Hacker News new | ask | show | jobs
by a_wild_dandan 904 days ago
Are people still rawdoggin' 16-bit models? I almost exclusively use 5-bit inference quants (or 8-bit natives like Yi-34b) on my MacBook Pro. Tiny accuracy loss, runs fast, and leave plenty of (V)RAM on the table. Mixtral 8x7 is my new daily driver, and only takes like 40GB to run! I wonder if I could run two of them talking to each other...
2 comments

Pure 16bit is horrible for training, sorry.
Doesn't using bf16 alleviate the problem? At least I've had success training a Bert like model from scratch
Mixed precision is a default method to pretrain and full fine tune right now. It is especially good in transformers, because they have memory bottleneck in activations (outputs of intermediate layers stored for backprop), and running forward pass in fp16/bf16 reduces VRAM by almost half (speeds up forward pass as well).
I wonder about that too. With the small precision, parameter updates might be too small to have an effect (is it possible to use some sort of probabilistic update in that case?) Unfortunately, I haven’t found any resources describing the feasibility of full fp16 or bf16 training.
You are correct, training sorely in fp16/bf16 can lead to imprecise weight updates or even gradients turning to zero. Because of that, mixed precision is used. In mixed precision training, we keep a copy of the weights in fp32 (master model) and the training loop looks like this: compute the output with the fp16 model, then the loss -> back-propagate the gradients in half-precision -> copy the gradients in fp32 precision -> do the update on the master model (in fp32 precision) -> copy the master model in the fp16 model. We also do loss scaling which means multiplying the output of the loss function by some scalar number before backprop (necessary in fp16 but not required in bf16).

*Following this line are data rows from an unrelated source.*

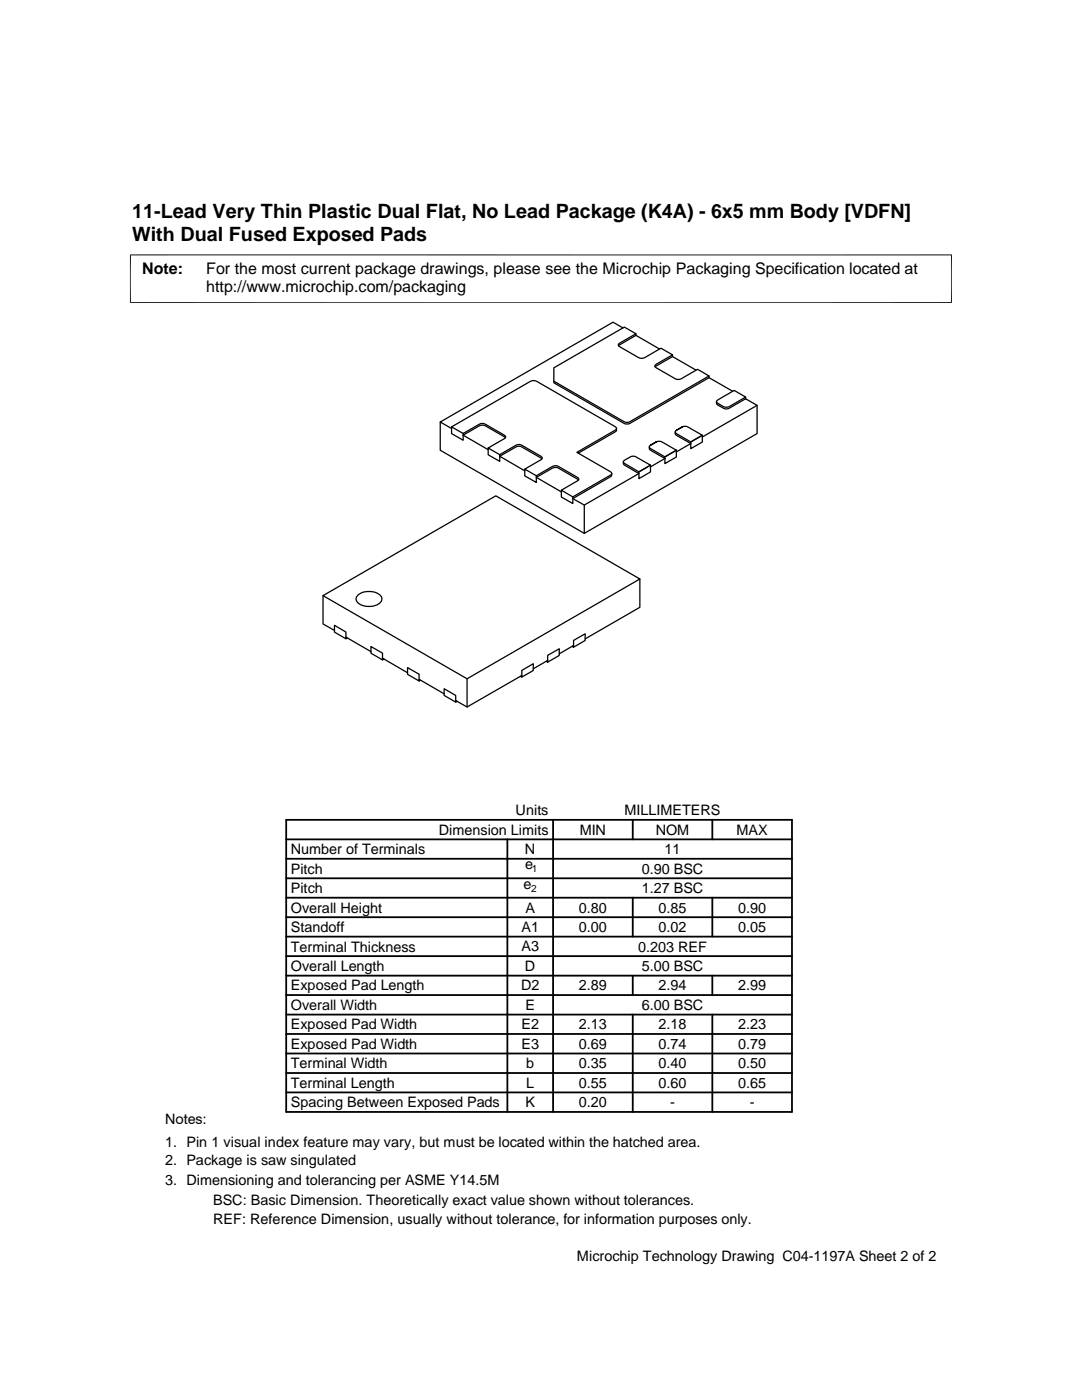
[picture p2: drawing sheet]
<svg xmlns="http://www.w3.org/2000/svg" width="216mm" height="279mm" viewBox="0 0 216 279" stroke-linecap="round" stroke-linejoin="round" font-family="sans-serif">
<defs><g id="words">
<g font-size="3.9">
<text x="26.4" y="43.5">11-Lead Very Thin Plastic Dual Flat, No Lead Package (K4A) - 6x5 mm Body [VDFN]</text>
<text x="26.4" y="48">With Dual Fused Exposed Pads</text>
</g>
<g font-size="3.2">
<text x="28.4" y="54.6">Note:</text>
<text x="41.1" y="58.3">http://www.microchip.com/packaging</text>
<text x="41.1" y="54.6">For the most current package drawings, please see the Microchip Packaging Specification located at</text>
</g>
<g font-size="2.9">
<text x="87.6" y="166.6">Dimension Limits</text>
<text x="102.9" y="162.7">Units</text>
<text x="115.7" y="166.6">MIN</text>
<text x="124.6" y="162.7">MILLIMETERS</text>
<text x="130.8" y="166.6">NOM</text>
<text x="147" y="166.6">MAX</text>
<text x="58" y="170.5">Number of Terminals</text>
<text x="104.8" y="170.5">N</text>
<text x="104.8" y="173.4">e</text>
<text x="132.6" y="170.5">11</text>
<text x="58" y="174.4">Pitch</text>
<text x="58" y="178.2">Pitch</text>
<text x="104.5" y="177.3">e</text>
<text x="128" y="174.4">0.90 BSC</text>
<text x="128" y="178.2">1.27 BSC</text>
<text x="58" y="182.1">Overall Height</text>
<text x="104.8" y="182.1">A</text>
<text x="115.5" y="182.1">0.80</text>
<text x="131.4" y="182.1">0.85</text>
<text x="147.3" y="182.1">0.90</text>
<text x="58" y="189.9">Terminal Thickness</text>
<text x="58" y="186">Standoff</text>
<text x="104.1" y="186">A1</text>
<text x="104.1" y="189.9">A3</text>
<text x="115.5" y="186">0.00</text>
<text x="127.3" y="189.9">0.203 REF</text>
<text x="131.4" y="186">0.02</text>
<text x="147.3" y="186">0.05</text>
<text x="58" y="193.8">Overall Length</text>
<text x="58" y="197.7">Exposed Pad Length</text>
<text x="104" y="197.7">D2</text>
<text x="104.8" y="193.8">D</text>
<text x="115.5" y="197.7">2.89</text>
<text x="128" y="193.8">5.00 BSC</text>
<text x="131.4" y="197.7">2.94</text>
<text x="147.3" y="197.7">2.99</text>
<text x="58" y="201.6">Overall Width</text>
<text x="104.8" y="201.6">E</text>
<text x="128" y="201.6">6.00 BSC</text>
<text x="58" y="205.4">Exposed Pad Width</text>
<text x="58" y="209.3">Exposed Pad Width</text>
<text x="104" y="205.4">E2</text>
<text x="104" y="209.3">E3</text>
<text x="115.5" y="205.4">2.13</text>
<text x="115.5" y="209.3">0.69</text>
<text x="131.4" y="209.3">0.74</text>
<text x="131.4" y="205.4">2.18</text>
<text x="147.3" y="209.3">0.79</text>
<text x="147.3" y="205.4">2.23</text>
<text x="58" y="213.2">Terminal Width</text>
<text x="105" y="213.2">b</text>
<text x="115.5" y="213.2">0.35</text>
<text x="131.4" y="213.2">0.40</text>
<text x="147.3" y="213.2">0.50</text>
<text x="58" y="217.1">Terminal Length</text>
<text x="58" y="221">Spacing Between Exposed Pads</text>
<text x="104.8" y="221">K</text>
<text x="105" y="217.1">L</text>
<text x="115.5" y="217.1">0.55</text>
<text x="115.5" y="221">0.20</text>
<text x="131.4" y="217.1">0.60</text>
<text x="133.7" y="221">-</text>
<text x="147.3" y="217.1">0.65</text>
<text x="149.6" y="221">-</text>
<text x="32.9" y="224.3">Notes:</text>
<text x="32.9" y="228.9">1. Pin 1 visual index feature may vary, but must be located within the hatched area.</text>
<text x="32.9" y="232.6">2. Package is saw singulated</text>
<text x="32.9" y="236.5">3. Dimensioning and tolerancing per ASME Y14.5M</text>
<text x="42.5" y="244.3">REF: Reference Dimension, usually without tolerance, for information purposes only.</text>
<text x="42.5" y="240.6">BSC: Basic Dimension. Theoretically exact value shown without tolerances.</text>
<text x="115.1" y="251.7">Microchip Technology Drawing C04-1197A Sheet 2 of 2</text>
</g>
<g font-size="2">
<text x="106" y="178">2</text>
<text x="106.2" y="174.1">1</text>
</g>
</g></defs>
<g fill="none" stroke="#000" stroke-width=".25">
<path d="M110.5 73.4l14.1-8.1 2.3 1.3-3.3 1.9-.2 .3 .2 .4 3.9 2.2 .5 .1 .6-.1 3.3-1.9 2.3 1.3-3.3 1.9-.2 .3v.2l4.3 2.5 .9-.1 3.3-1.9 2.3 1.3-15.8 9.2-.6 .1-.6-.1-14-8.1zM124.3 65.4l-2-1.1-34.5 19.9 2.3 1.3M126.9 66.6v.3l-3.5 2.1M126.9 66.9l4.7 2.8M134.2 71.2l4.7 2.7M134.2 70.8v.4l-3.5 2M141.5 75v.4l-15.8 9.1-.6 .1-.6-.1-14-8.1v-.3M141.5 75.4l4.7 2.7M143 80l3.5-2.1 2.3 1.3-3.5 2a2.29 2.29 0 0 1-2.1-.7l-.2-.3zM148.8 79.6l-3.5 2a2.29 2.29 0 0 1-2.1-.8l-.2-.2v-.4M148.8 79.6l2.3 1.3-11 6.3M148.8 79.2v.4"/>
<path d="M90.1 85.2v1.3l2.3 1.4v-1.4M90.1 85.2l15.8-9.1 .9-.1 16.2 9.3v.4l-.2 .1-7.7 4.5 6.7 3.8 .3 .4-.3 .3-7.5 4.4-2.3-1.4 3.3-1.9 .2-.3-.2-.3-4.1-2.3-.9 .1-3.3 1.9-2.3-1.4 3.3-1.9 .2-.3-.2-.3-3.9-2.2-.6-.2-.5 .2-3.3 1.8-2.3-1.3 3.3-1.9 .2-.1v-.4l-4.3-2.5-.9 .1-3.3 1.9zM97.4 89.4v1.4l2.3 1.3v-1.4M100.8 87.4l-4-2.4-.6-.2-.5 .2-3.3 1.8 5 2.9M104.7 93.6v1.4l2.3 1.3v-1.3M108.1 91.6l-4-2.4-.6-.2-.5 .2-3.3 1.9 5 2.9M112 97.8v1.4l2.3 1.3v-1.3M115.4 95.8l-4-2.4-.6-.1-.5 .1-3.3 1.9 5 2.9M122.1 94.5l-.1 .5-.2 .1-7.5 4.4 2.3 1.3M123 85.5v.5l-.2 .2-7.4 4.2M124.4 92.2v.5l.2 .1 2.9 1.7-10.9 6.3v5.6M124.4 92a3.6 3.6 0 0 1 1.9-1l.6 .2 2.9 1.6-2.3 1.4-2.9-1.7-.2-.1z"/>
<path d="M127.5 94.2l2.3-1.4v1.4l-2.3 1.3zM129.6 89.2v.5l.2 .2 2.9 1.6-2.9 1.7M130.9 88.2l.9-.1 3.2 1.8-2.3 1.3-3.1-1.9v-.3l.2-.1 1.1-.7-1.1 .7M132.7 91.2l2.3-1.3v1.3l-2.3 1.3zM134.7 86.2v.3l.3 .4 2.8 1.6-2.8 1.7M136.1 85.2l.9-.1 3.1 1.8-2.3 1.3-3-1.8-.1-.2 .3-.3 1.1-.7-1.1 .7M137.8 88.2l2.3-1.3v1.3l-2.3 1.3zM151.1 80.9v5.6l-34.5 19.9-28.8-16.5v-5.7M64.5 118.9v5.6l2.2 1.3M64.5 118.9l34.4-19.9 28.8 16.5-34.5 20zM71.3 118.9a3.6 3.6 0 0 1 4.7 0 1.06 1.06 0 0 1-.5 1.7 3.8 3.8 0 0 1-4.2-.4l-.2-.4v-.5zM127.7 115.5v5.7l-10.9 6.3"/>
<path d="M66.7 124.8l2.3 1.3v1.4l-2.3-1.3zM69 127.1l5 2.9M69.3 127.3l-.3 .2M74 129l2.3 1.3v1.4l-2.3-1.3zM76.3 131.4l5 2.9M76.6 131.5l-.3 .2M81.3 133.2l2.3 1.4v1.3l-2.3-1.3zM83.6 135.6l5 2.9M83.9 135.7l-.3 .2M88.6 137.5l2.3 1.3v1.3l-2.3-1.3zM91.2 140l-.3 .1M93.2 135.5v5.6"/>
<path d="M103.8 135l.3 .1M104.1 134.8l-10.9 6.3-2.3-1.3M104.1 133.8l2.3-1.3v1.3l-2.3 1.3zM109 132l.3 .1v-1.3l2.3-1.3v1.3l-2.3 1.3M109.3 131.8l-2.9 1.7M114.2 129l.2 .2v-1.4l2.4-1.3v1.3l-2.4 1.4M114.4 128.8l-2.8 1.7"/>
</g>
<g fill="none" stroke="#000" stroke-width=".36">
<path d="M57.1 163.6h100.9zM57.1 179.2h100.9M57.1 171.4h100.9M57.1 167.5h100.9M57.1 163.6v58.3h100.9v-58.3M57.1 175.3h100.9M101.2 167.5v54.4M110.4 163.6v58.3M126.3 163.6v3.9M126.3 179.2v7.7M142.1 163.6v3.9M142.1 179.2v7.7"/>
<path d="M57.1 183h100.9M57.1 194.7h100.9M57.1 190.8h100.9M57.1 186.9h100.9M57.1 198.6h100.9M126.3 194.7v3.9M142.1 194.7v3.9M57.1 214.1h100.9M57.1 202.5h100.9M57.1 206.4h100.9M57.1 218h100.9M57.1 210.2h100.9"/>
<path d="M126.3 202.5v19.4M142.1 202.5v19.4"/>
</g>
<path d="M26 50.8v9.7M189.9 50.8v9.7M189.9 50.9h-164M25.9 60.4h164" fill="none" stroke="#000" stroke-width=".2"/>
<use href="#words"/>
</svg>

Check out the fastai docs for more details: https://docs.fast.ai/callback.fp16.html

Ah my bad. I am using mixed precision training in the my previous comment.

You might find this paper interesting: https://arxiv.org/pdf/2010.06192.pdf

Hmm, what do you mean? I thought bf16 is used extensively for LLM training.
How does one rawdog a 16-bit model?
Usually, for efficiency, you use quantized models. Quantized models reduce the number of bits available for each parameter, saving space and reduce RAM usage.